- What this task involves -
Within the entries below, find the portion that opens with the line containing "6) car <box>1233,844,1257,861</box>" and closes with the line containing "8) trailer <box>1571,636,2087,862</box>". Retype that portion exactly and only.

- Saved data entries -
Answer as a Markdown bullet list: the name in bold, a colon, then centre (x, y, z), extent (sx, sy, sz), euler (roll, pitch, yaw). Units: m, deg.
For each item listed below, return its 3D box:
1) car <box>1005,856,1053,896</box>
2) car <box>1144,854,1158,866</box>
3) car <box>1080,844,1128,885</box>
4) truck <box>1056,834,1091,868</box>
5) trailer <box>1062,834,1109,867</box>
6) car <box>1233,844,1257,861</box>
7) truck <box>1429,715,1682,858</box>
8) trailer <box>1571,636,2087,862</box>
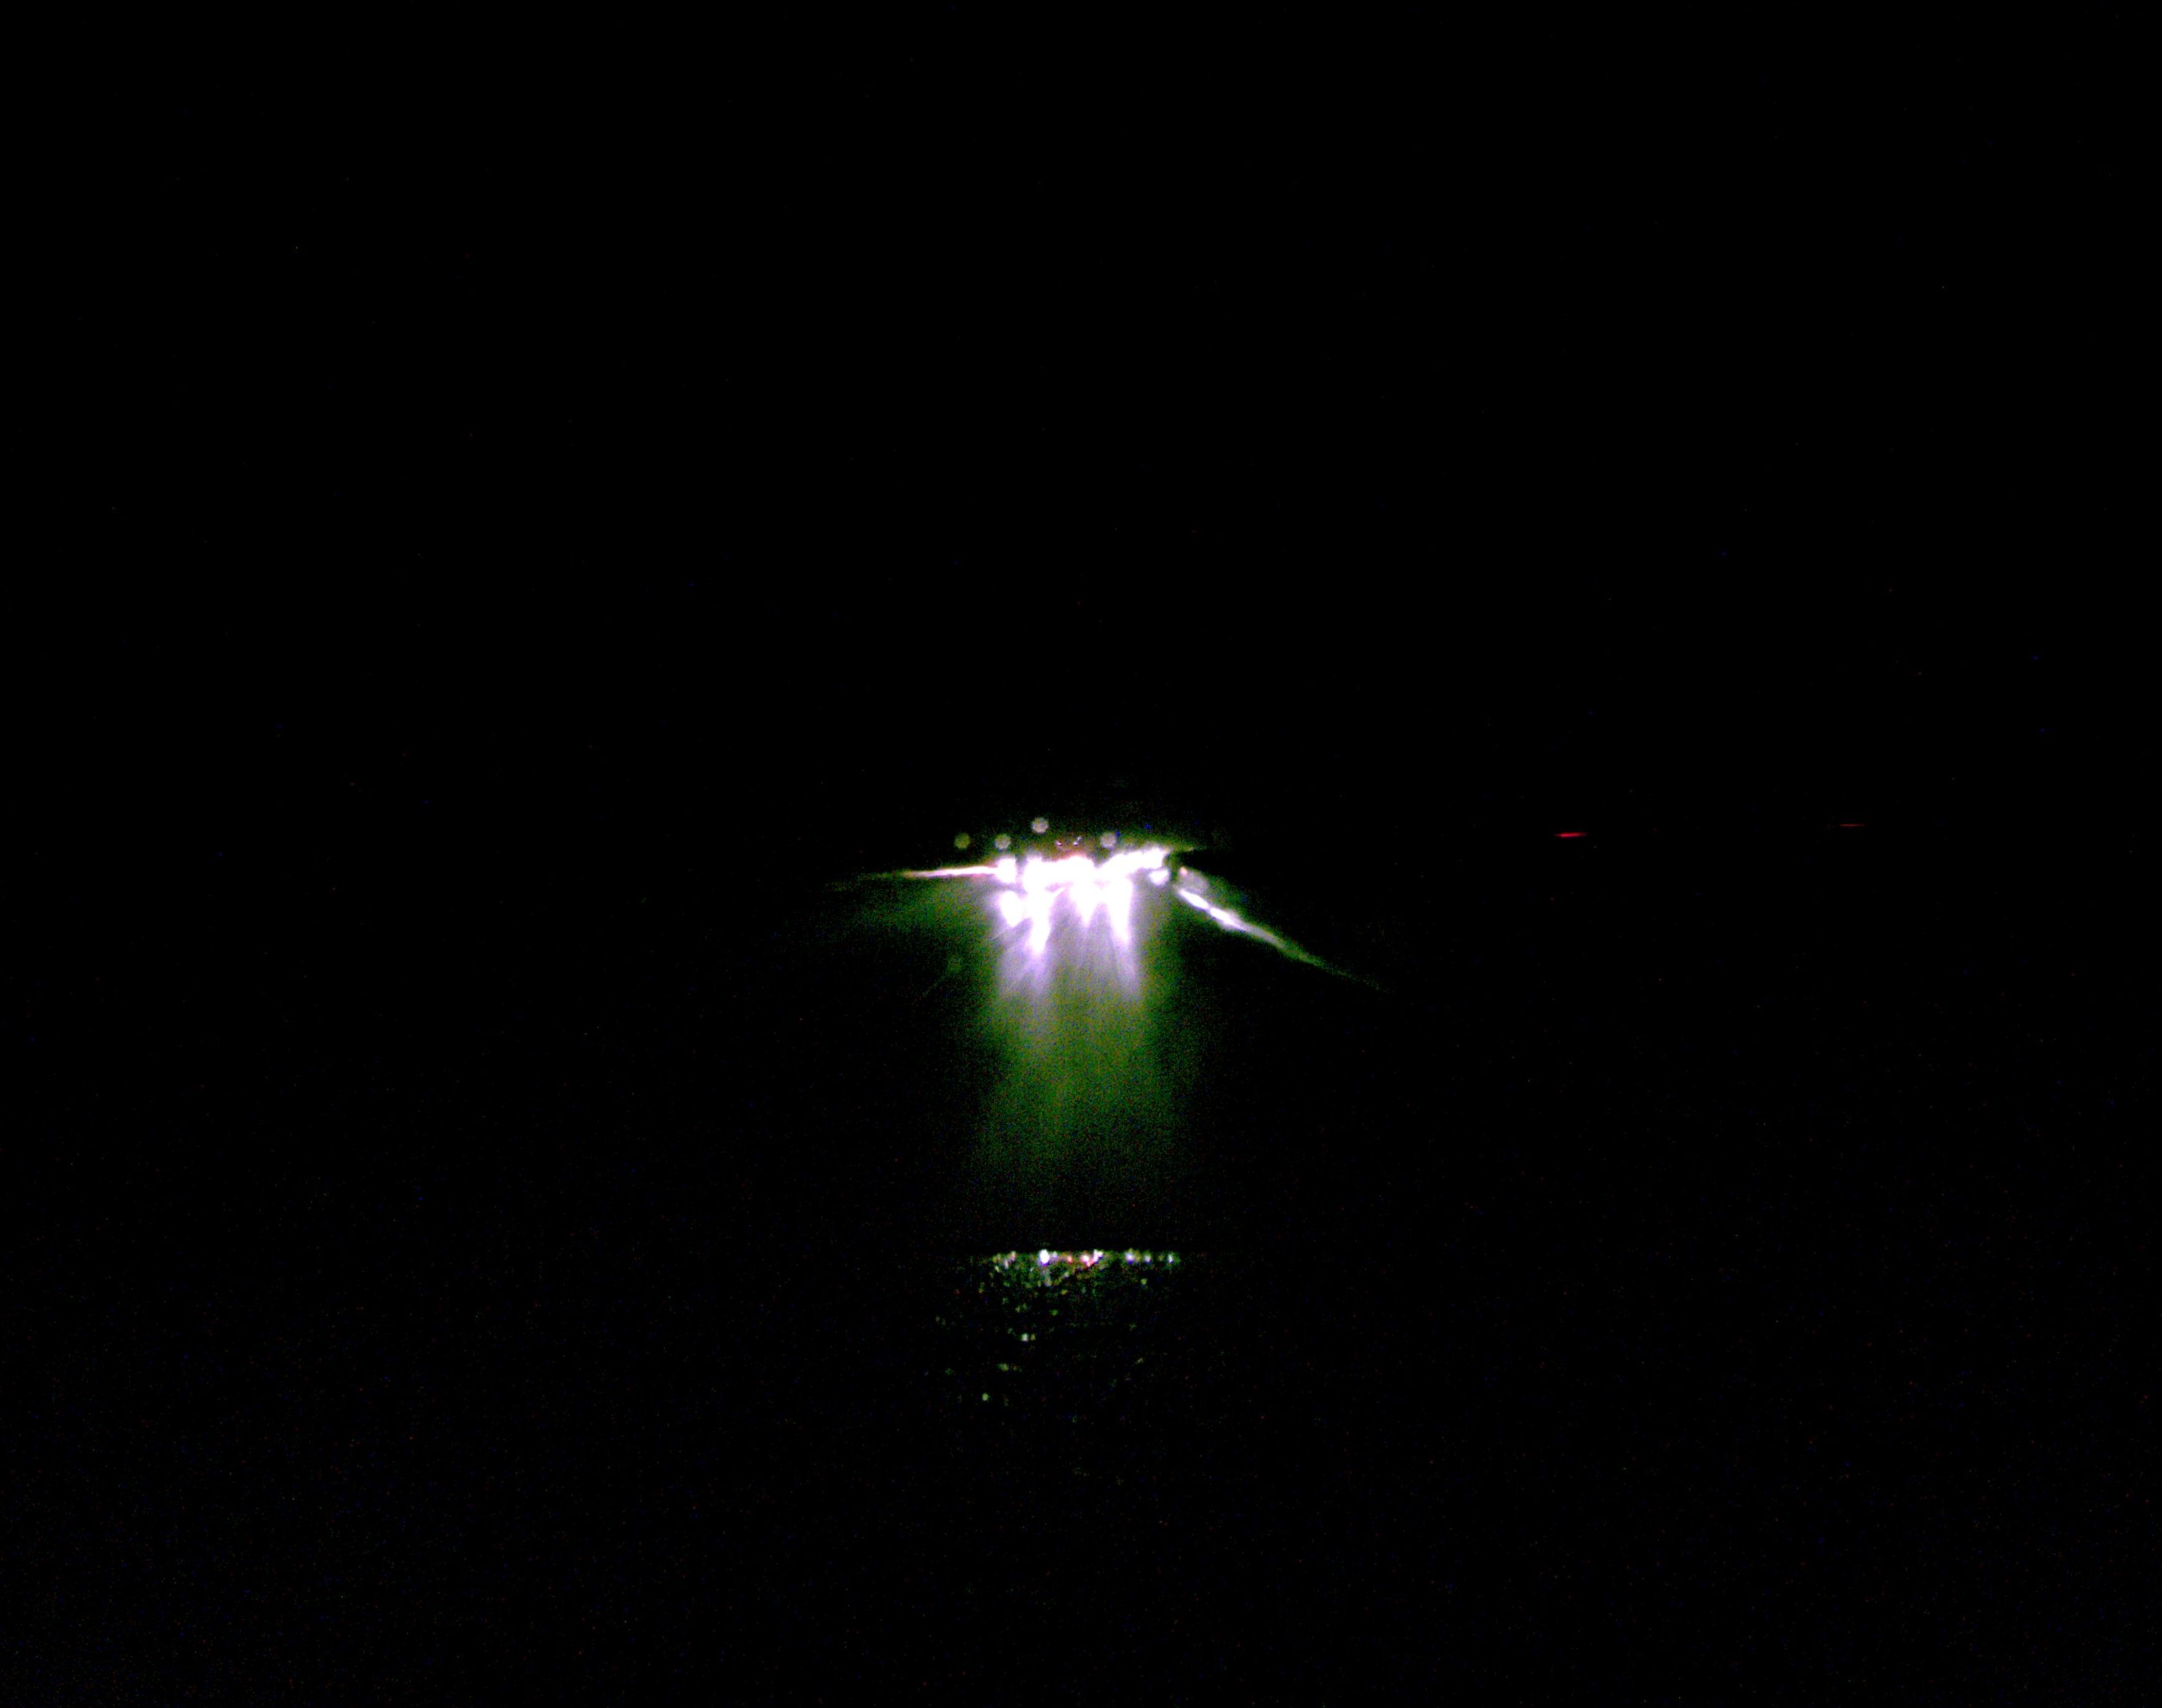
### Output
- **car**: centre (-2.435, 1.044, 36.430), extent (1.848, 1.614, 3.680), euler (-6, -1, 1)
- **car**: centre (11.411, 0.987, 124.138), extent (1.998, 1.802, 4.001), euler (-7, -1, 2)
- **car**: centre (1.335, 0.570, 42.402), extent (1.997, 2.001, 4.003), euler (-5, -1, 9)
- **truck**: centre (-0.918, -0.404, 97.499), extent (2.780, 3.945, 5.203), euler (-7, -1, 14)
- **trailer**: centre (0.799, -0.487, 104.351), extent (2.744, 3.954, 13.833), euler (-7, -1, 14)
- **car**: centre (18.937, -0.174, 87.935), extent (1.998, 1.674, 4.001), euler (-7, -1, 3)
- **truck**: centre (17.023, -2.051, 28.691), extent (2.955, 4.012, 10.656), euler (-7, -1, 3)
- **trailer**: centre (16.603, -1.847, 18.505), extent (2.935, 3.726, 9.502), euler (-7, -1, 1)
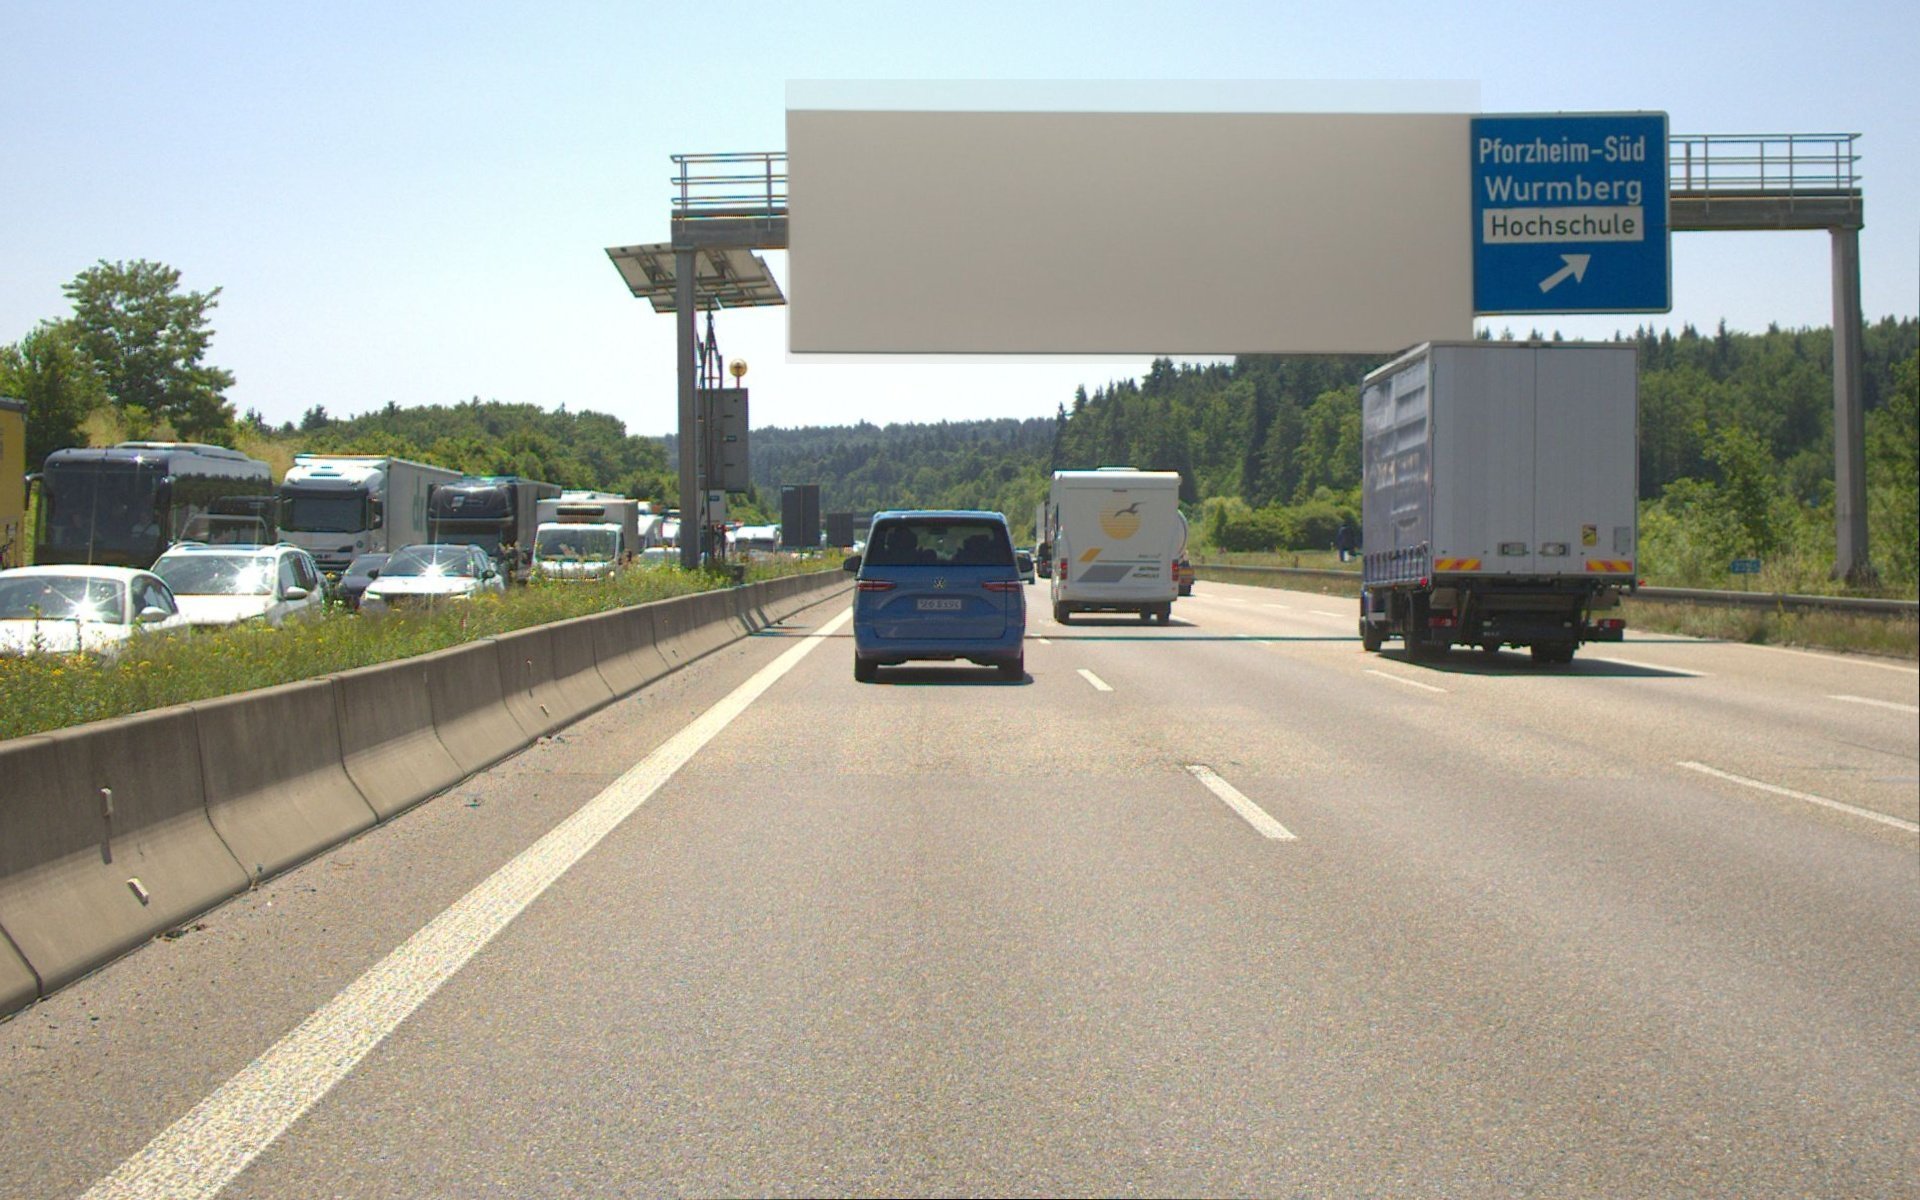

- Solution to the problem -
6) car <box>1233,844,1257,861</box>
7) truck <box>1429,715,1682,858</box>
8) trailer <box>1571,636,2087,862</box>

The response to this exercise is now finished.